SAN DIEGO -- At Maryland, he cried after his second game. At Georgia Tech, he nearly quit in his first season. And, now, here amid the gentle breezes and blue skies of this pro football ghost town, he merely apologized.
Beginnings never have come easy for Bobby Ross throughout most of his 27-year coaching career. His first season as head coach of the San Diego Chargers has been no different from the way it was early on in College Park or Atlanta.
"I feel more comfortable on the job on almost a daily basis," Ross said in his office at Jack Murphy Stadium on Friday. "It's going to be based on how things go."
Things have gone smoothly for Ross in the past few weeks. After an 0-4 start, the Chargers have won three straight, including Sunday's down-to-the-wire, 24-21 win over the division-leading Denver Broncos.

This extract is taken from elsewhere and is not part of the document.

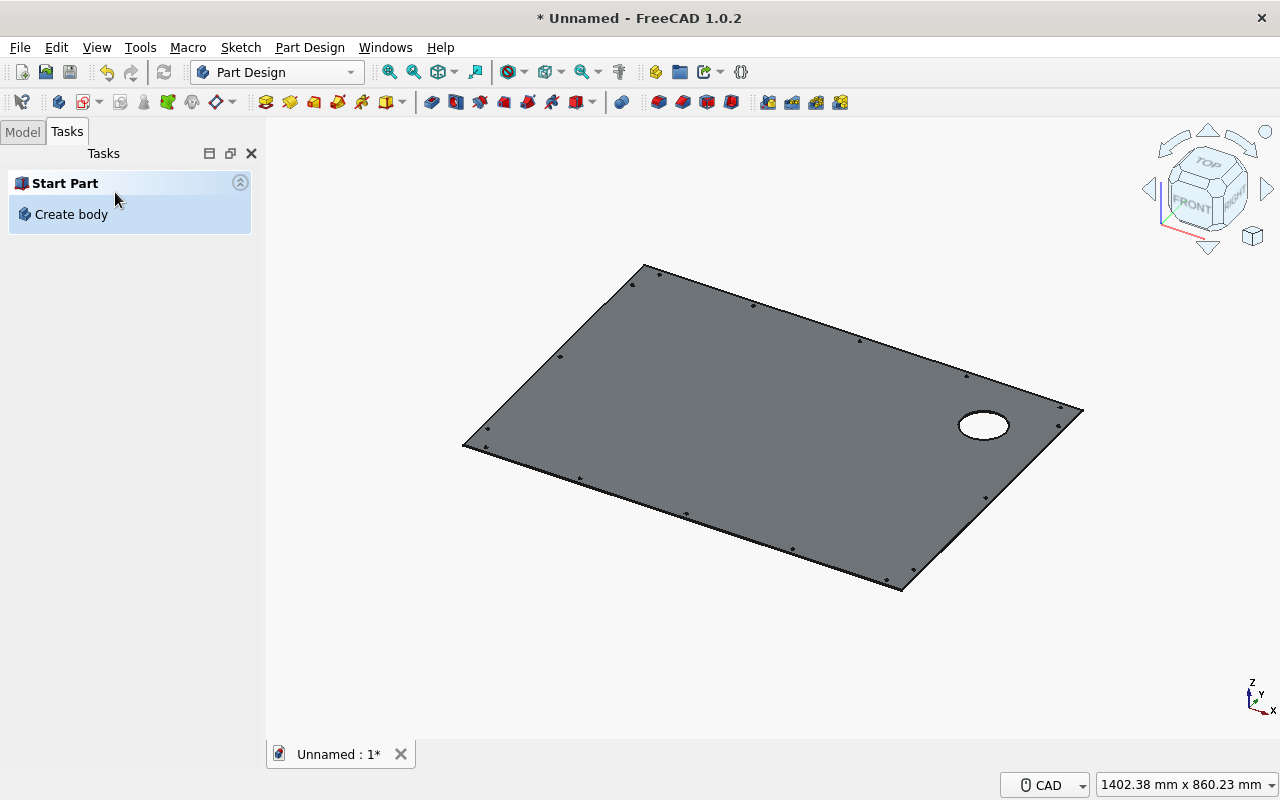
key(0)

Until this recent turnaround, Ross had gotten off to another rocky start. In his first NFL head coaching job, he didn't like the work habits of his players on the practice field. He wasn't getting along with the local media.
And, most significantly, his team was losing. It was after the Chargers lost to the Pittsburgh Steelers last month -- a 23-6 defeat in which San Diego collapsed in the fourth quarter -- that Ross apologized to the team's fans, the city fathers, mothers and anyone else who cared to listen.

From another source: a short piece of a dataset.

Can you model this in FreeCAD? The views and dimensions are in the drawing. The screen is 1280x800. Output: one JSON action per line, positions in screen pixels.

"He had told the team something to that effect in the locker room, but I didn't think he was going to say the same thing to the press outside," said Chargers general manager Bobby Beathard.

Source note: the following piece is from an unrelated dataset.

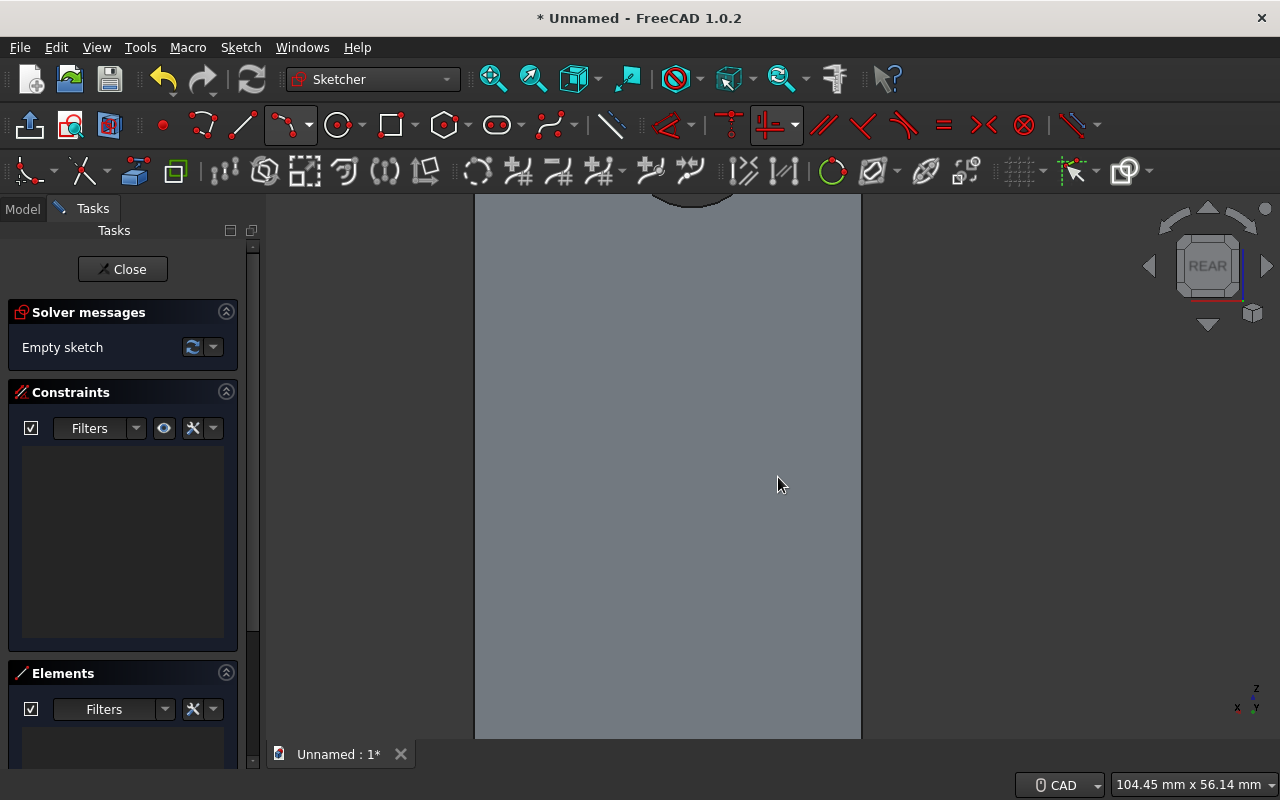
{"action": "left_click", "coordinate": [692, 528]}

"That's the way Bobby is. He's totally honest."
Or, as longtime assistant Ralph Friedgen, now the Chargers tight ends coach, said, "With Bobby, what you see is what you get."
Not everyone feels that way. A beat reporter from the Los Angeles Times accused Ross in print of being misleading about personnel moves during the preseason, and the coach's relationship with the press has been strained since.
It startled Ross, who had good working relationships with the press while at Maryland and Georgia Tech. But Ross always has been the kind of coach who preferred watching films to trading one-liners.
"I'm not going to say that there's not an adjustment," said Beathard, who hired Ross to replace Dan Henning and become the team's ninth head coach, its third in the past five years. "But I don't think it's as big an adjustment as some people want to make you think. He's a football coach. Some guys can fit into any level, and he's one of them."
Said Ross: "Having been in pro football for four years as an assistant, there are certain things I understood about the league coming in. You don't get a rah-rah type of atmosphere. But that nTC doesn't mean you can't work on getting the right level of intensity. It's been a little bit of a struggle for me."
The recent winning streak has helped Ross get his message across to his team. And it's readily apparent that the players respect Ross, whose work habits include 18-hour days. The words you hear from the San Diego players are similar to those spoken during the past 10 years at Maryland and Georgia Tech.
"We want to play hard for him," quarterback Stan Humphries said. "You want to win for him."
The easiest part of the transition for Ross has been his continued anonymity. Ross used to joke that he could take his daily jog around the Maryland campus and few people knew who he was. His profile got a little bigger after taking Georgia Tech from the bottom of the Atlantic Coast Conference to the top.
But in a town that seems to have a revolving door for its coaches and managers, Ross is just another ruddy face.
Though ex-college coaches have not had great success in the pros -- Lou Holtz lasted less than one season with the New York Jets after a successful stint at North Carolina State -- Ross has long been thought of as pro coaching material.
His reputation was enhanced during the four years he spent as an assistant under Marv Levy with the Kansas City Chiefs before coming to Maryland in 1982. He coached special teams and defense his first two seasons and offensive backs the last two years. It was then that Ross became intrigued by the possibility of becoming an NFL head coach.
It was why he was going to join to Levy's staff after resigning from Maryland in 1986, a move that lasted about 10 days before he took over at Georgia Tech. It was why he interviewed for the Cleveland Browns' head coaching job after leading the Yellow Jackets to a share of the national championship in 1990.
"At the time [of the Browns' offer], I didn't think it was the right move," said Ross, 55. "My mother was very sick. I was pretty happy at Georgia Tech. I felt I had a real good team coming back. When Bobby [Beathard] called last year, I thought, 'Maybe this is the time.' If I ever was going to do it, now was the time."